La canción sonaba sin fuerza. La cabaretera se divertía en la baquelita negra, como en la cueva del vicio, agasajada por un coro de boys que flanqueaban su voz gangosita. Al Congo, al Congo, al Congo quiero ir… Yo también. Sol, calor, un poco de calor, sólo eso, un poco de calor en los pies…
Muchos tratan de dormirse, envueltos como fantasmas en las mantas, tirados sobre el suelo. Otros, también sentados en el suelo, fuman. Se ha ido la luz de la única bombilla que quedaba. Nadie ha protestado. Se ve bailar en la oscuridad las rojas luciérnagas de las brasas. Por la ventana junto a la que estoy entra un poco de luz de otra bombilla. Puedo escribir. Sólo importa esto. A veces tengo la íntima impresión de que mientras pueda seguir escribiendo no me han vencido del todo.
No hay que juzgarles mal porque ninguno de ellos haya hecho la guerra como la hemos hecho tantos. Tampoco ellos han tenido la culpa, y las consecuencias, en cualquier caso, las van a pagar lo mismo. Además, ¿por qué no iba a sonar la música?
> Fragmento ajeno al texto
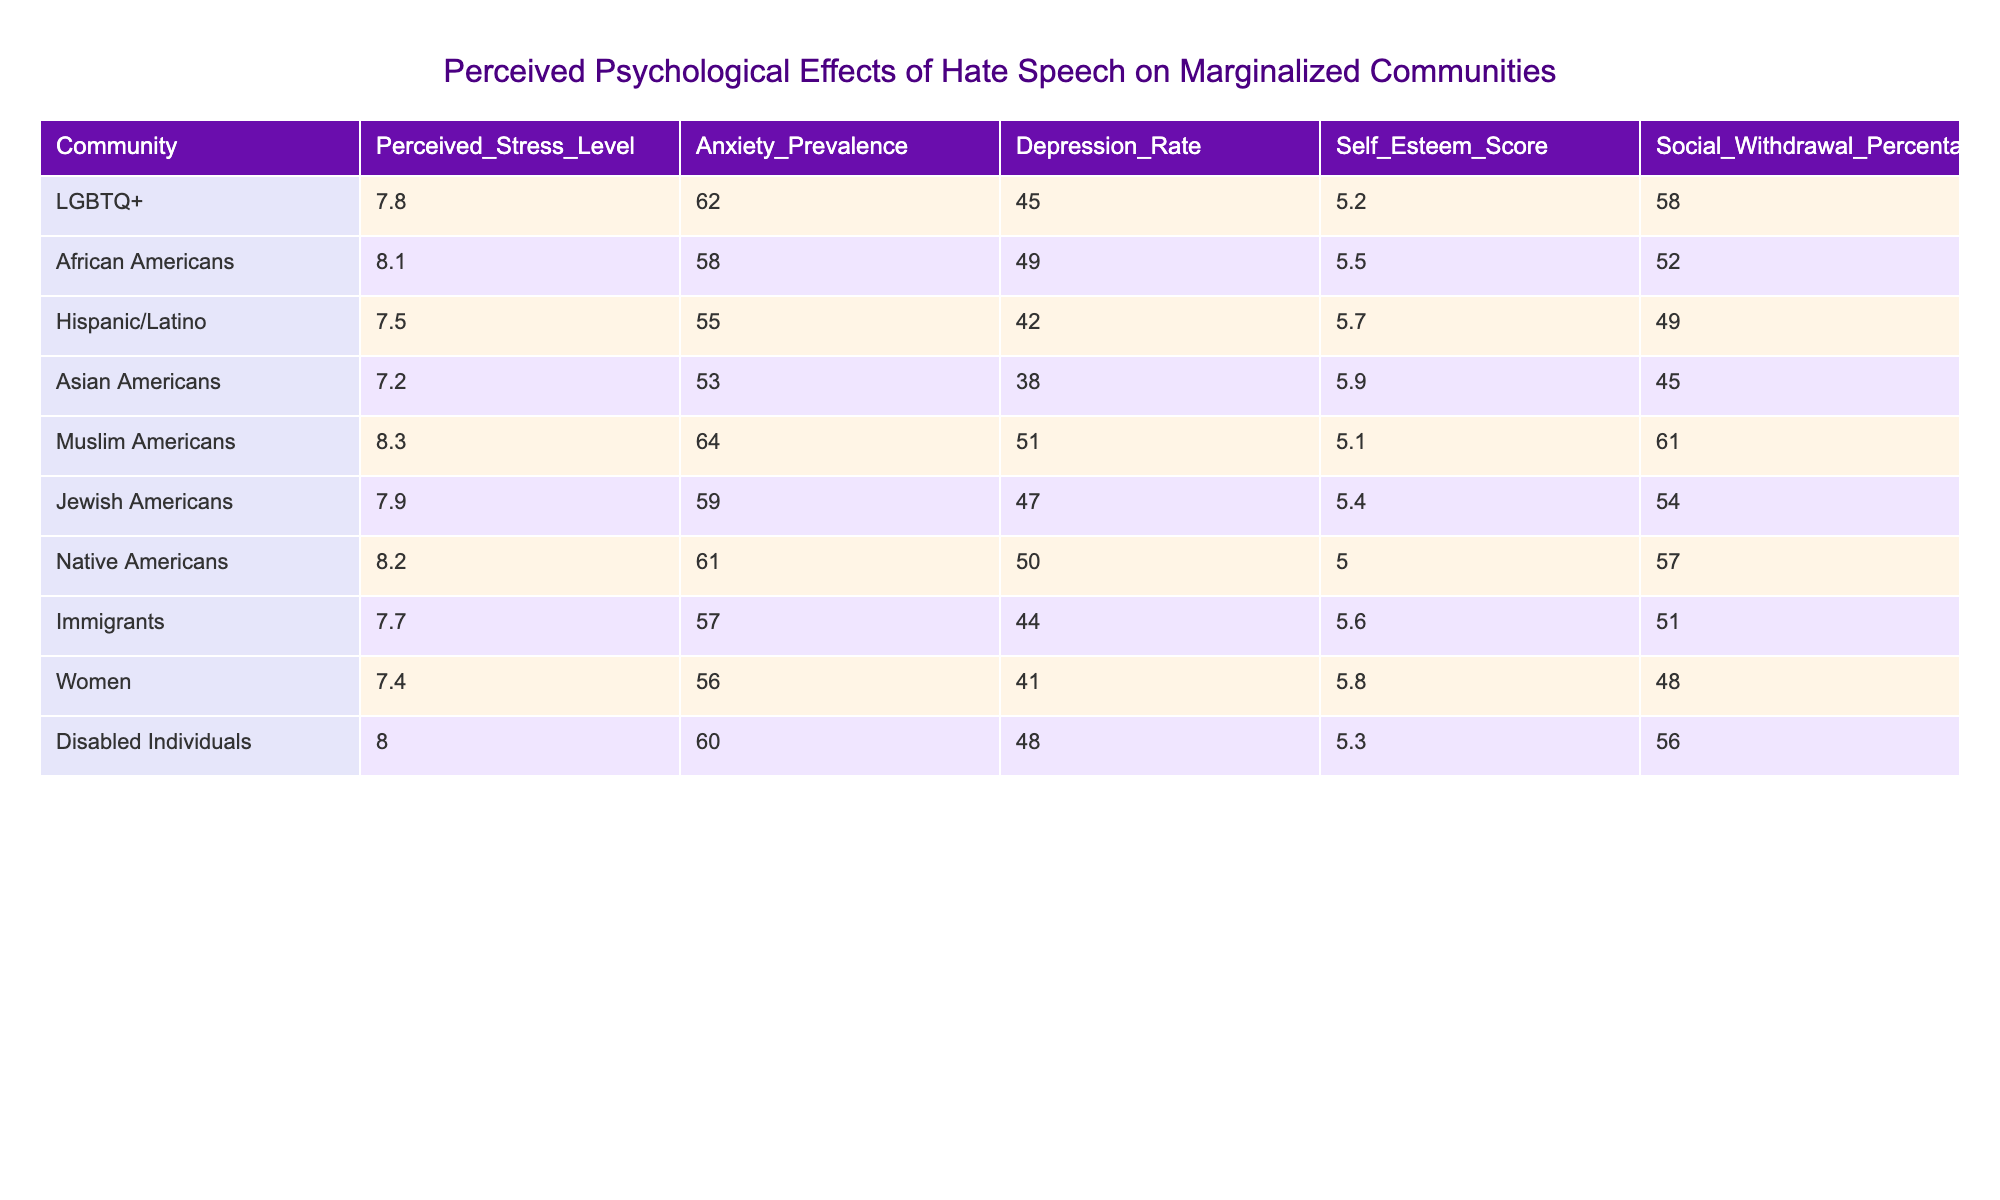What is the perceived stress level of the LGBTQ+ community? The table shows a specific value for the LGBTQ+ community under the "Perceived Stress Level" column, which indicates a level of 7.8.
Answer: 7.8 Which community has the highest anxiety prevalence? By looking at the "Anxiety Prevalence" column, we can see that Muslim Americans have the highest value at 64.
Answer: 64 What is the depression rate for Women? The table provides the depression rate specific to Women, which is listed as 41.
Answer: 41 Which community has the lowest self-esteem score? The "Self Esteem Score" column reveals that Native Americans have the lowest score at 5.0.
Answer: 5.0 What is the average perceived stress level across all communities? To find the average, we sum all perceived stress levels (7.8 + 8.1 + 7.5 + 7.2 + 8.3 + 7.9 + 8.2 + 7.7 + 7.4 + 8.0) = 79.7 and divide by the number of communities, which is 10, giving us an average of 7.97.
Answer: 7.97 Is the anxiety prevalence rate for African Americans higher than that for Hispanic/Latino individuals? Looking at the respective values, African Americans have 58 while Hispanic/Latino individuals have 55. Since 58 is greater than 55, the statement is true.
Answer: Yes What is the difference in depression rates between Muslim Americans and Asian Americans? The depression rate for Muslim Americans is 51, and for Asian Americans, it is 38. The difference can be calculated as 51 - 38 = 13.
Answer: 13 In which community is the social withdrawal percentage highest, and what is that percentage? Comparing the values in the "Social Withdrawal Percentage" column reveals that LGBTQ+ has the highest percentage at 58.
Answer: LGBTQ+, 58 What is the average depression rate for disabled individuals and African Americans? The depression rates for disabled individuals and African Americans are 48 and 49, respectively. The average is calculated as (48 + 49) / 2 = 48.5.
Answer: 48.5 Which community experiences the least social withdrawal, and what is the percentage? By examining the "Social Withdrawal Percentage" column, we can see that Women have the lowest percentage of 48.
Answer: Women, 48

Es la última que vamos a oír en mucho tiempo, me temo. Yo creo que la música ha sido como tomar un poco de morfina, para no sentir tan agudo el dolor, por lo menos esta noche. Iba a tener razón el tonto de Canigó, más vale reír que llorar.
Me acabo de despertar. Le he preguntado la hora a uno que está a mi lado, al que no conozco. Me ha dicho, duerme, compañero, todavía es pronto. ¡Dormir! ¡Quién pudiera dormir! En la sala consistorial todo son bultos sin forma, cuerpos derrotados, como muertos. Están muertos, pero no dormidos. Esperamos que se haga de día. La chica que se hizo cargo de mí me ha regalado dos lápices casi nuevos. Me dijo que si quería me podía llevar uno de los sellos de caucho del Estado Mayor. Me dijo, así podrás firmarte los permisos que quieras. Y nos reímos los dos. Por no llorar, aunque no he visto llorar a nadie. No nos quedan ni lágrimas.